Start of Records for the task

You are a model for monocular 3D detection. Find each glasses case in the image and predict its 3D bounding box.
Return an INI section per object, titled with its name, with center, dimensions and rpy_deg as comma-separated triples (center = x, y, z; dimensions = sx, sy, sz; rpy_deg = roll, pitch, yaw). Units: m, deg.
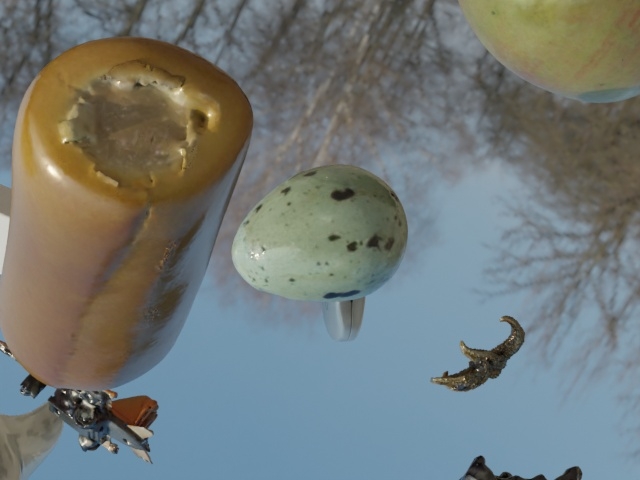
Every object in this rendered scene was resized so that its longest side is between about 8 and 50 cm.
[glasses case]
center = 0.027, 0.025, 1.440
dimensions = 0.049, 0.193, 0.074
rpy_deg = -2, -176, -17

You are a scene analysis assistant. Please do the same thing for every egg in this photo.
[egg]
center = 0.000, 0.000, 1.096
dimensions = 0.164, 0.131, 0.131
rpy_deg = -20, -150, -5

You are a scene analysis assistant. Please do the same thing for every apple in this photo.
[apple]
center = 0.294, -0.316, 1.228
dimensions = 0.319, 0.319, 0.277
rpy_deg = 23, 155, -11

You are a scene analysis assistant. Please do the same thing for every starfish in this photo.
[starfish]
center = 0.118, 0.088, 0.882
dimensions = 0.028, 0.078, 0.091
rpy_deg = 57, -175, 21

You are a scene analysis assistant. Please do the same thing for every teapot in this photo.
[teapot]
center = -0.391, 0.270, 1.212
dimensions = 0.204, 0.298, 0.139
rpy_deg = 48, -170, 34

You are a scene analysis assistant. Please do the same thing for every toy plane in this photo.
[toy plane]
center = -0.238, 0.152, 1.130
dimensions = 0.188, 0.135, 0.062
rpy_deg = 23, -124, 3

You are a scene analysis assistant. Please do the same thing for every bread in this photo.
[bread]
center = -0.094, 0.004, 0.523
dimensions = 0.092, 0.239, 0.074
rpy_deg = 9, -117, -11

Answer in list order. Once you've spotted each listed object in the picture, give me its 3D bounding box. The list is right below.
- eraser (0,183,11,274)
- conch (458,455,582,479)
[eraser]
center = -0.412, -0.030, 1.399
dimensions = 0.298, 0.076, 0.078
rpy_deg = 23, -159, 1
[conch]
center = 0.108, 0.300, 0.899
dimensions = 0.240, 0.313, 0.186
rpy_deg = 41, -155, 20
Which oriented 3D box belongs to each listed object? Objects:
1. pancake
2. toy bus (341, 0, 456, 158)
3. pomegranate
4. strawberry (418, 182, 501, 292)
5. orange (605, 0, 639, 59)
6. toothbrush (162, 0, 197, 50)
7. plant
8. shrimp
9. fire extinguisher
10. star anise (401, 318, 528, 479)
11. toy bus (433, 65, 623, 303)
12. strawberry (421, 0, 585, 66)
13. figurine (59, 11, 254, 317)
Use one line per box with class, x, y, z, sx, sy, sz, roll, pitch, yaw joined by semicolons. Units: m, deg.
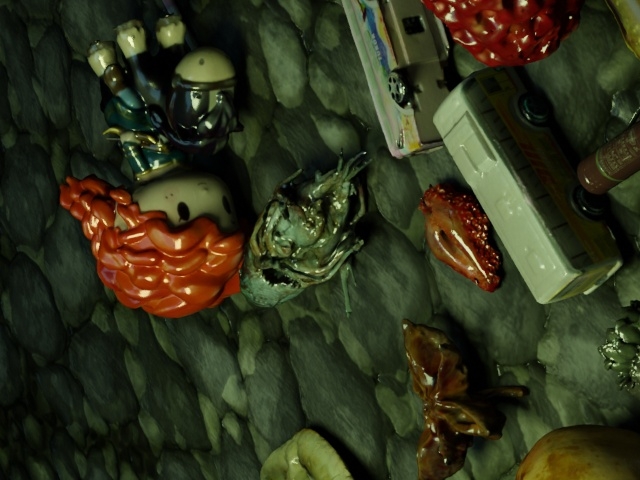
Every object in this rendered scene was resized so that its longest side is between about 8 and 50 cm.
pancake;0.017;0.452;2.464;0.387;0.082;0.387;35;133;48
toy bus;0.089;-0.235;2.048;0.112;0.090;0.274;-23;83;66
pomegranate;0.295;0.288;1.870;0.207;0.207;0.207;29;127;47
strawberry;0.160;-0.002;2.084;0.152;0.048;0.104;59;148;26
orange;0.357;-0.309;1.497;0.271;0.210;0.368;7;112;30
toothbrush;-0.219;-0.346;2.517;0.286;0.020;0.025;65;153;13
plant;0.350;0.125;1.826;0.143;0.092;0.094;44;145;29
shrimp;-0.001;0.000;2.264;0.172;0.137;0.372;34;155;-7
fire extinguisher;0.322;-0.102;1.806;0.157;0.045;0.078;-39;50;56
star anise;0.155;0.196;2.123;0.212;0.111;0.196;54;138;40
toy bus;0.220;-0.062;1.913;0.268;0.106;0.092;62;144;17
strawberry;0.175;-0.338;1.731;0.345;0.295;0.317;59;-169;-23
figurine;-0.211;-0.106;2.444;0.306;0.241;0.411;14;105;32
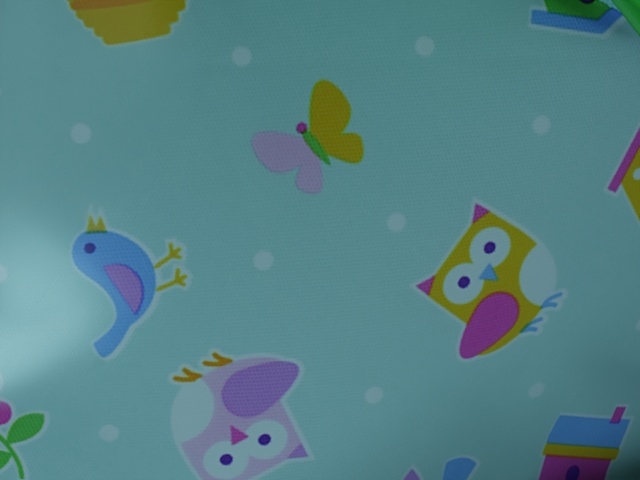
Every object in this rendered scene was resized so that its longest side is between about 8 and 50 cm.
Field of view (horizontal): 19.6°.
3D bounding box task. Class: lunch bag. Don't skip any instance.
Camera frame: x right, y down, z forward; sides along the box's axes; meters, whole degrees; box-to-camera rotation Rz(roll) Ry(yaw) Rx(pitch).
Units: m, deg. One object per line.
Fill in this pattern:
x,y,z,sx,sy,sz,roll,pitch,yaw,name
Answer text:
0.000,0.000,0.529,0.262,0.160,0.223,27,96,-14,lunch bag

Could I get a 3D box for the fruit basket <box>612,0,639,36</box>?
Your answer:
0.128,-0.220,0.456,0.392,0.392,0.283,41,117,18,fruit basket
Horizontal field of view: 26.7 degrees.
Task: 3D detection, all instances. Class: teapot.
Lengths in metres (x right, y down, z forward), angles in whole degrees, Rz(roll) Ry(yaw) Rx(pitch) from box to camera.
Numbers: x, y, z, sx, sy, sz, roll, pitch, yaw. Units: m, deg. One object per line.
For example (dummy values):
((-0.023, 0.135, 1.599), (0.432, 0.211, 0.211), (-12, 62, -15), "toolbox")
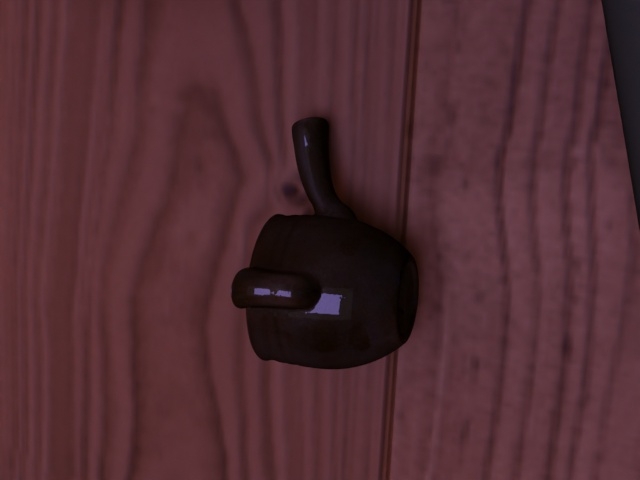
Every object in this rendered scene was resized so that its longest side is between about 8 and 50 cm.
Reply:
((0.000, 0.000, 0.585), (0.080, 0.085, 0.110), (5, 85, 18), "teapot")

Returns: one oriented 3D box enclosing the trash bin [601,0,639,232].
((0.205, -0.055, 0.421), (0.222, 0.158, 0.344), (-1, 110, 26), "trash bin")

End of Records for the task

■ Your task ■
Every line above has to be output exactly; the pictures must be dropped.

■ Output for this exercise ■
You are a model for monocular 3D detection. Find each glasses case in the image and predict its 3D bounding box.
Return an INI section per object, titled with its name, with center, dimensions and rpy_deg as comma-separated triples (center = x, y, z; dimensions = sx, sy, sz; rpy_deg = roll, pitch, yaw). Units: m, deg.
Every object in this rendered scene was resized so that its longest side is between about 8 and 50 cm.
[glasses case]
center = 0.027, 0.025, 1.440
dimensions = 0.049, 0.193, 0.074
rpy_deg = -2, -176, -17

You are a scene analysis assistant. Please do the same thing for every egg in this photo.
[egg]
center = 0.000, 0.000, 1.096
dimensions = 0.164, 0.131, 0.131
rpy_deg = -20, -150, -5

You are a scene analysis assistant. Please do the same thing for every apple in this photo.
[apple]
center = 0.294, -0.316, 1.228
dimensions = 0.319, 0.319, 0.277
rpy_deg = 23, 155, -11

You are a scene analysis assistant. Please do the same thing for every starfish in this photo.
[starfish]
center = 0.118, 0.088, 0.882
dimensions = 0.028, 0.078, 0.091
rpy_deg = 57, -175, 21

You are a scene analysis assistant. Please do the same thing for every teapot in this photo.
[teapot]
center = -0.391, 0.270, 1.212
dimensions = 0.204, 0.298, 0.139
rpy_deg = 48, -170, 34

You are a scene analysis assistant. Please do the same thing for every toy plane in this photo.
[toy plane]
center = -0.238, 0.152, 1.130
dimensions = 0.188, 0.135, 0.062
rpy_deg = 23, -124, 3

You are a scene analysis assistant. Please do the same thing for every bread in this photo.
[bread]
center = -0.094, 0.004, 0.523
dimensions = 0.092, 0.239, 0.074
rpy_deg = 9, -117, -11

Answer in list order. Once you've spotted each listed object in the picture, give me its 3D bounding box. The list is right below.
- eraser (0,183,11,274)
- conch (458,455,582,479)
[eraser]
center = -0.412, -0.030, 1.399
dimensions = 0.298, 0.076, 0.078
rpy_deg = 23, -159, 1
[conch]
center = 0.108, 0.300, 0.899
dimensions = 0.240, 0.313, 0.186
rpy_deg = 41, -155, 20
Which oriented 3D box belongs to each listed object? Objects:
1. pancake
2. toy bus (341, 0, 456, 158)
3. pomegranate
4. strawberry (418, 182, 501, 292)
5. orange (605, 0, 639, 59)
6. toothbrush (162, 0, 197, 50)
7. plant
8. shrimp
9. fire extinguisher
10. star anise (401, 318, 528, 479)
11. toy bus (433, 65, 623, 303)
12. strawberry (421, 0, 585, 66)
13. figurine (59, 11, 254, 317)
Use one line per box with class, x, y, z, sx, sy, sz, roll, pitch, yaw joined by semicolons. Units: m, deg.
Every object in this rendered scene was resized so that its longest side is between about 8 and 50 cm.
pancake;0.017;0.452;2.464;0.387;0.082;0.387;35;133;48
toy bus;0.089;-0.235;2.048;0.112;0.090;0.274;-23;83;66
pomegranate;0.295;0.288;1.870;0.207;0.207;0.207;29;127;47
strawberry;0.160;-0.002;2.084;0.152;0.048;0.104;59;148;26
orange;0.357;-0.309;1.497;0.271;0.210;0.368;7;112;30
toothbrush;-0.219;-0.346;2.517;0.286;0.020;0.025;65;153;13
plant;0.350;0.125;1.826;0.143;0.092;0.094;44;145;29
shrimp;-0.001;0.000;2.264;0.172;0.137;0.372;34;155;-7
fire extinguisher;0.322;-0.102;1.806;0.157;0.045;0.078;-39;50;56
star anise;0.155;0.196;2.123;0.212;0.111;0.196;54;138;40
toy bus;0.220;-0.062;1.913;0.268;0.106;0.092;62;144;17
strawberry;0.175;-0.338;1.731;0.345;0.295;0.317;59;-169;-23
figurine;-0.211;-0.106;2.444;0.306;0.241;0.411;14;105;32
Every object in this rendered scene was resized so that its longest side is between about 8 and 50 cm.
Field of view (horizontal): 19.6°.
3D bounding box task. Class: lunch bag. Don't skip any instance.
Camera frame: x right, y down, z forward; sides along the box's axes; meters, whole degrees; box-to-camera rotation Rz(roll) Ry(yaw) Rx(pitch).
Units: m, deg. One object per line.
Fill in this pattern:
x,y,z,sx,sy,sz,roll,pitch,yaw,name
Answer text:
0.000,0.000,0.529,0.262,0.160,0.223,27,96,-14,lunch bag

Could I get a 3D box for the fruit basket <box>612,0,639,36</box>?
Your answer:
0.128,-0.220,0.456,0.392,0.392,0.283,41,117,18,fruit basket
Horizontal field of view: 26.7 degrees.
Task: 3D detection, all instances. Class: teapot.
Lengths in metres (x right, y down, z forward), angles in whole degrees, Rz(roll) Ry(yaw) Rx(pitch) from box to camera.
Numbers: x, y, z, sx, sy, sz, roll, pitch, yaw. Units: m, deg. One object per line.
For example (dummy values):
((-0.023, 0.135, 1.599), (0.432, 0.211, 0.211), (-12, 62, -15), "toolbox")
Every object in this rendered scene was resized so that its longest side is between about 8 and 50 cm.
Reply:
((0.000, 0.000, 0.585), (0.080, 0.085, 0.110), (5, 85, 18), "teapot")

Returns: one oriented 3D box enclosing the trash bin [601,0,639,232].
((0.205, -0.055, 0.421), (0.222, 0.158, 0.344), (-1, 110, 26), "trash bin")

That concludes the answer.